▸ What you need to do
Copy out each line of the entries below in which the string "BuildSketch" appears.

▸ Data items
----------

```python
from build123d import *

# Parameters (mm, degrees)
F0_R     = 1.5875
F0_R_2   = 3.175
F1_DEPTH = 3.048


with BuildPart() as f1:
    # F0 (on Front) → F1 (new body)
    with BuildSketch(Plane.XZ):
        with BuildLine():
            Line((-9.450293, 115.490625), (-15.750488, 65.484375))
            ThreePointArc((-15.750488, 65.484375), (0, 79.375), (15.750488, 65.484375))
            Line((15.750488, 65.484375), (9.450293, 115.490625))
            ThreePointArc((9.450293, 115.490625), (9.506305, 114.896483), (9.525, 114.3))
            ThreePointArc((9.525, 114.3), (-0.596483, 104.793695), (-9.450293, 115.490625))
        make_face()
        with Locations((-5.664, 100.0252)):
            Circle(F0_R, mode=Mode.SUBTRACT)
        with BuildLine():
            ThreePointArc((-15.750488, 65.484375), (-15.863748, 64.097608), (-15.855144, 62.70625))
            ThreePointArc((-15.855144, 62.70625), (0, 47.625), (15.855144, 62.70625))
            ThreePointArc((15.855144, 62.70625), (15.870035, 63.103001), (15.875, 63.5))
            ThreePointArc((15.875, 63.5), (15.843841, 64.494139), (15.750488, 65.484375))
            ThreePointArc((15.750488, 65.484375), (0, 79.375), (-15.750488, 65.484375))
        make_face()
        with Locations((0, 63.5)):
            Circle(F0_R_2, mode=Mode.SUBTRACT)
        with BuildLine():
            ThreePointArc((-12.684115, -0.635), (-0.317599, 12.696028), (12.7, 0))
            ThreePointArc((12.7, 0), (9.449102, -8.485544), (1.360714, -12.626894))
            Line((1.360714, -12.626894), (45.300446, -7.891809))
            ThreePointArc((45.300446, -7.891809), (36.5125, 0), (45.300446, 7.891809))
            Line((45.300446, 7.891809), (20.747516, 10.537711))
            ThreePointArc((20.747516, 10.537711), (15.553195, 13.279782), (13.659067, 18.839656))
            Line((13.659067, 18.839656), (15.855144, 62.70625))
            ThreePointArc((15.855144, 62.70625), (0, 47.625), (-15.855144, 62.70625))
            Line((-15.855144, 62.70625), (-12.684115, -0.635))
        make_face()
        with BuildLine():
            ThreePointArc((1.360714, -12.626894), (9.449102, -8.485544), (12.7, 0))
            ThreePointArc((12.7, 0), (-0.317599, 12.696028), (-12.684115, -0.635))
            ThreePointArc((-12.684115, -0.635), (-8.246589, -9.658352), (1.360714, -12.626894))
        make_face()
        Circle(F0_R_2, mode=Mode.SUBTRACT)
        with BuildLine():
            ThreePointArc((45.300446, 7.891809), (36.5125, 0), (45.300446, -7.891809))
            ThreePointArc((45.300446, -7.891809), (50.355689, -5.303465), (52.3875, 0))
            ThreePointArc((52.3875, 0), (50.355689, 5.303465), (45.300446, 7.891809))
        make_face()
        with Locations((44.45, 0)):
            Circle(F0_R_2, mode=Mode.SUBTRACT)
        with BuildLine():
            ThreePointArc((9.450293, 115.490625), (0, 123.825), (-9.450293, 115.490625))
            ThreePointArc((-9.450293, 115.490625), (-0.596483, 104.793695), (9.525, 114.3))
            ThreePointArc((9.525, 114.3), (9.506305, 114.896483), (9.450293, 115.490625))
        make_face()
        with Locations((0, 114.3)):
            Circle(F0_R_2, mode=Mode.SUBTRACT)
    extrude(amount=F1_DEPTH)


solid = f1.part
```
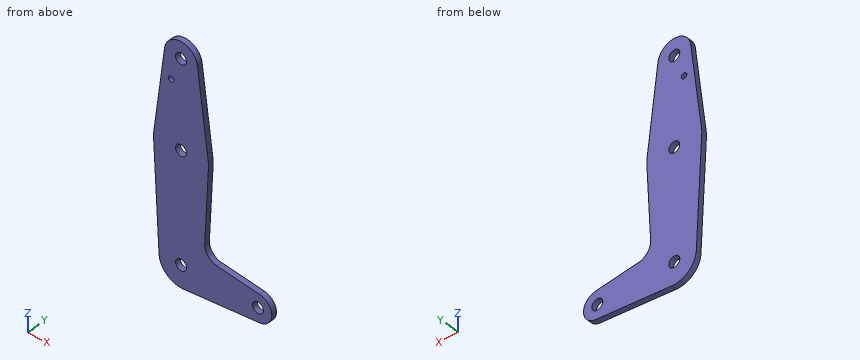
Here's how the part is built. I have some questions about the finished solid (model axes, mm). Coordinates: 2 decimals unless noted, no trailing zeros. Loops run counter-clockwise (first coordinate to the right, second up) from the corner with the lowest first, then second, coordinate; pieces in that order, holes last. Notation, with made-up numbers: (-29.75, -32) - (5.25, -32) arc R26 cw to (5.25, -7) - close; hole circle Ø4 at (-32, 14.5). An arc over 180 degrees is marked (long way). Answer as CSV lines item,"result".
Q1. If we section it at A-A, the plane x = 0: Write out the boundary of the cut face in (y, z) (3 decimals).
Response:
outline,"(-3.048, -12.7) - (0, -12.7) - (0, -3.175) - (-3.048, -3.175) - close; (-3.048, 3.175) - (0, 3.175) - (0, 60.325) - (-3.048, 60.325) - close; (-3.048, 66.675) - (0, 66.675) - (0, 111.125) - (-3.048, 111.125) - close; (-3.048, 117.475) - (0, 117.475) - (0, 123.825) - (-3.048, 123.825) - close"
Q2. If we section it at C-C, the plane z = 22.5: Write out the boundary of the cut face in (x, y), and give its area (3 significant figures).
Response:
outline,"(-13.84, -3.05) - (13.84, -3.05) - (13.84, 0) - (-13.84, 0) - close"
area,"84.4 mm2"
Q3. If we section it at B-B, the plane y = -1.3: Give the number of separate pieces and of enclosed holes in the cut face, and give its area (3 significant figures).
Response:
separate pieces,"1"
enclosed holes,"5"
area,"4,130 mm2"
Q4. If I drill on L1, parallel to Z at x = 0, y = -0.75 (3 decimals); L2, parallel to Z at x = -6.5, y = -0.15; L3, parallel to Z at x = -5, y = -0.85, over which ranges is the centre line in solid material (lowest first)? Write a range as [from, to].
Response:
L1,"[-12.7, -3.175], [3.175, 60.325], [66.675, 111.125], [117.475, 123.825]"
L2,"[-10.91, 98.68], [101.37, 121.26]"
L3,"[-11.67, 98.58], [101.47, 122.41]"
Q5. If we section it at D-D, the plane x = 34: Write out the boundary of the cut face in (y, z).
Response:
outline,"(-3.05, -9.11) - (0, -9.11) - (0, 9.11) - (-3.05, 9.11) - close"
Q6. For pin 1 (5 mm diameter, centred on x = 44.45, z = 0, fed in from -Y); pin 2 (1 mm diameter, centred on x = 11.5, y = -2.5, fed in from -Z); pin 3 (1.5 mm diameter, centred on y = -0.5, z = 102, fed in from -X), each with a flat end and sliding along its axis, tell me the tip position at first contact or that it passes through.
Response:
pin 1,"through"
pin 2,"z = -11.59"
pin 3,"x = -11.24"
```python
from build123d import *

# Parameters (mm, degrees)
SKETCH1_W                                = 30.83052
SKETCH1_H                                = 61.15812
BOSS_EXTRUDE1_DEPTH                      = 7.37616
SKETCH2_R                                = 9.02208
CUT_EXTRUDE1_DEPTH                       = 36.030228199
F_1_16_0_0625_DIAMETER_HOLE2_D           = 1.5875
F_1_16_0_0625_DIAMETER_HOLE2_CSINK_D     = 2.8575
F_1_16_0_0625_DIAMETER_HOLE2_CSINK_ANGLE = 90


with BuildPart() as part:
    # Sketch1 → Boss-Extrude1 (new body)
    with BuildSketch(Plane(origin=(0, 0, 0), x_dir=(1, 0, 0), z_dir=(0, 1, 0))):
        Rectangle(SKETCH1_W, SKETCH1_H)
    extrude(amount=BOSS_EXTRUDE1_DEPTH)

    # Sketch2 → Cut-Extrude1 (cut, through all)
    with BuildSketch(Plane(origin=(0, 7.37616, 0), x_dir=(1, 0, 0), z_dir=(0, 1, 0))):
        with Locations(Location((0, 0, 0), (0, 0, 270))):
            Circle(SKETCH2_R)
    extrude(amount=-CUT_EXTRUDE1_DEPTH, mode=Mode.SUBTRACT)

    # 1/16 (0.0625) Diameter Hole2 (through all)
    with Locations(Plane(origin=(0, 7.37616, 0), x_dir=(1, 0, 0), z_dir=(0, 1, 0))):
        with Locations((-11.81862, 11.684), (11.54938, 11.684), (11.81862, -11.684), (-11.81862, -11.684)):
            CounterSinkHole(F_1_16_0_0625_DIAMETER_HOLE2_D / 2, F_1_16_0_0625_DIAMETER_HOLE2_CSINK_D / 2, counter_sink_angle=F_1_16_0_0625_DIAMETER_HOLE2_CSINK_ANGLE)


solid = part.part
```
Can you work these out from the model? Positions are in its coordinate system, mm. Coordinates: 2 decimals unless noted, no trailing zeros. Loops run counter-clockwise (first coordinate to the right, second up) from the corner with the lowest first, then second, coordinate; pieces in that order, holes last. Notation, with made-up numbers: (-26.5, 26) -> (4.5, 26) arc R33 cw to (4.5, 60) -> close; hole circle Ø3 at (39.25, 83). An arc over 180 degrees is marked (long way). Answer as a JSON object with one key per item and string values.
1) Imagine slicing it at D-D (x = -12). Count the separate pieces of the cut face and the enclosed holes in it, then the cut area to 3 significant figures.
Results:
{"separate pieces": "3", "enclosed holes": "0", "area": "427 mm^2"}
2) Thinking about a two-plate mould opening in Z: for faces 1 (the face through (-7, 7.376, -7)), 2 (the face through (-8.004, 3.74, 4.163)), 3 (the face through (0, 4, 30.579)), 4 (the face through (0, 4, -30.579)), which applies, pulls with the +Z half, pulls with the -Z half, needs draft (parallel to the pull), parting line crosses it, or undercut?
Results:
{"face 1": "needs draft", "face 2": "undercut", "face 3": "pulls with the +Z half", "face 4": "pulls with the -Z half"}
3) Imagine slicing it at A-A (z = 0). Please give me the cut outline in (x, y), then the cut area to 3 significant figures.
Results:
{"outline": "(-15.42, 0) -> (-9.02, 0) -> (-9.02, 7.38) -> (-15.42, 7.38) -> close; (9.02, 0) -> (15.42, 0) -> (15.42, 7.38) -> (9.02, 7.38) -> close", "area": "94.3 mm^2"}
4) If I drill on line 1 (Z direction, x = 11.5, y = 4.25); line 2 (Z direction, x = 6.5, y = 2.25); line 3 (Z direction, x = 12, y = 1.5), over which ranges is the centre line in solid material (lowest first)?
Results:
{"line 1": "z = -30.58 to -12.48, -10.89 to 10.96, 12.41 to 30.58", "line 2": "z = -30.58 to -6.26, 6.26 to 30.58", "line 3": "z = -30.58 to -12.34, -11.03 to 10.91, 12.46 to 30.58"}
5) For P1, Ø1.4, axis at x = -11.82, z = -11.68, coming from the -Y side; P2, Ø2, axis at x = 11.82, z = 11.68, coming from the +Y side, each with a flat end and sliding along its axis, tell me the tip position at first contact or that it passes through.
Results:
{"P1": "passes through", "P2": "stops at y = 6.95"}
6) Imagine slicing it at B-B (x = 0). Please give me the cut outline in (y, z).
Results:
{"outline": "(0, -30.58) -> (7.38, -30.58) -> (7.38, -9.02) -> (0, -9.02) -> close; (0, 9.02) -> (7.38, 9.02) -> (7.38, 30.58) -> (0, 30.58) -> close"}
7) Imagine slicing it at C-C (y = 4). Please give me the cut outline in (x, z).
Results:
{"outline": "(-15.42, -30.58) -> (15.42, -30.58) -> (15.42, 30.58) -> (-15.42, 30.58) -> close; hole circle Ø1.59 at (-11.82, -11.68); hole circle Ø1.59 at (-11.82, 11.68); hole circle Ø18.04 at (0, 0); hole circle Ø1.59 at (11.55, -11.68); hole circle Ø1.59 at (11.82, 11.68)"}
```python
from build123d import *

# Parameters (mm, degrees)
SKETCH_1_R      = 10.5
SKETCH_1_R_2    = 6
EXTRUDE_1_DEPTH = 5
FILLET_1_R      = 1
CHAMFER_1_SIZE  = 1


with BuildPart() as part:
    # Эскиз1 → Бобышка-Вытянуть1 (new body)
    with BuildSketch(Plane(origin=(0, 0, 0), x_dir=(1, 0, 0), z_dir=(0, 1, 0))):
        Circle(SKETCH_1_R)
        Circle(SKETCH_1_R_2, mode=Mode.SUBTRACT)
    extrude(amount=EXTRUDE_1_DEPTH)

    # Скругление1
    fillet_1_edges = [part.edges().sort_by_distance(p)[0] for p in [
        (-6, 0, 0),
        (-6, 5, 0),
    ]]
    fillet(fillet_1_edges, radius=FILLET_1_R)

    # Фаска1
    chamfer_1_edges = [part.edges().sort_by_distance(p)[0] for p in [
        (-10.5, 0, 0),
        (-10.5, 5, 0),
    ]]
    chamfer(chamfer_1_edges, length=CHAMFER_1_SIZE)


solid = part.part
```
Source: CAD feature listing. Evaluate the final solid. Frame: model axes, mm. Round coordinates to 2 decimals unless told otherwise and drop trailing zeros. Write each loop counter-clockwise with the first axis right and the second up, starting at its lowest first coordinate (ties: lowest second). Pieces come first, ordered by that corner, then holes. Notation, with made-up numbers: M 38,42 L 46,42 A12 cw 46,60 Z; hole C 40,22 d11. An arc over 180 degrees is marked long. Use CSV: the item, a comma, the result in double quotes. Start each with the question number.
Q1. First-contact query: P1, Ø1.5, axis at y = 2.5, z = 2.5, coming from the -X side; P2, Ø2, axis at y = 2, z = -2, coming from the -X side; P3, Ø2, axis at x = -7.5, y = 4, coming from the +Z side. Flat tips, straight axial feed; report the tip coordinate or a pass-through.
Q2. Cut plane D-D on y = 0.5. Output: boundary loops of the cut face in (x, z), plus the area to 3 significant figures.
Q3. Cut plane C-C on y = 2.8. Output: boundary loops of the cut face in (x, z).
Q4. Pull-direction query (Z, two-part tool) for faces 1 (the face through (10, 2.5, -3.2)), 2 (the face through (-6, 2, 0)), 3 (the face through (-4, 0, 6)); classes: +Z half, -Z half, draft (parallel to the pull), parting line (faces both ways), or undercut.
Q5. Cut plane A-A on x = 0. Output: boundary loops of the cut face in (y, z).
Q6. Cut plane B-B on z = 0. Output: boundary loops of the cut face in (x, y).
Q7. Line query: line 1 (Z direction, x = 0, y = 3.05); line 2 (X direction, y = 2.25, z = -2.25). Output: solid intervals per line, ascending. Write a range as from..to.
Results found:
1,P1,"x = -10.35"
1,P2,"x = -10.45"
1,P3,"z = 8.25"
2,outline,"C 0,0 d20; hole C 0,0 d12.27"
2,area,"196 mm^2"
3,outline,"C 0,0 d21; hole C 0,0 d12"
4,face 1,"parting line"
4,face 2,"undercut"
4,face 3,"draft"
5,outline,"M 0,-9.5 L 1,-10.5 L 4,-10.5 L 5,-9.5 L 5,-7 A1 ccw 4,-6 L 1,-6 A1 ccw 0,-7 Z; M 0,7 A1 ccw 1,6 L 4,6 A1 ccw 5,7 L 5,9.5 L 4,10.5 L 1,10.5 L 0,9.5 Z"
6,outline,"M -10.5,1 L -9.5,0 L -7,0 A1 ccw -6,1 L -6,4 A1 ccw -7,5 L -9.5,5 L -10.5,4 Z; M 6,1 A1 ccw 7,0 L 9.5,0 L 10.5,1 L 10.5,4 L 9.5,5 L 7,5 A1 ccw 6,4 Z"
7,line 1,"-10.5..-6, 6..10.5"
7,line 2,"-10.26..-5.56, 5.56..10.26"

----------

▸ Output for this exercise
    with BuildSketch(Plane.XZ):
    with BuildSketch(Plane(origin=(0, 0, 0), x_dir=(1, 0, 0), z_dir=(0, 1, 0))):
    with BuildSketch(Plane(origin=(0, 7.37616, 0), x_dir=(1, 0, 0), z_dir=(0, 1, 0))):
    with BuildSketch(Plane(origin=(0, 0, 0), x_dir=(1, 0, 0), z_dir=(0, 1, 0))):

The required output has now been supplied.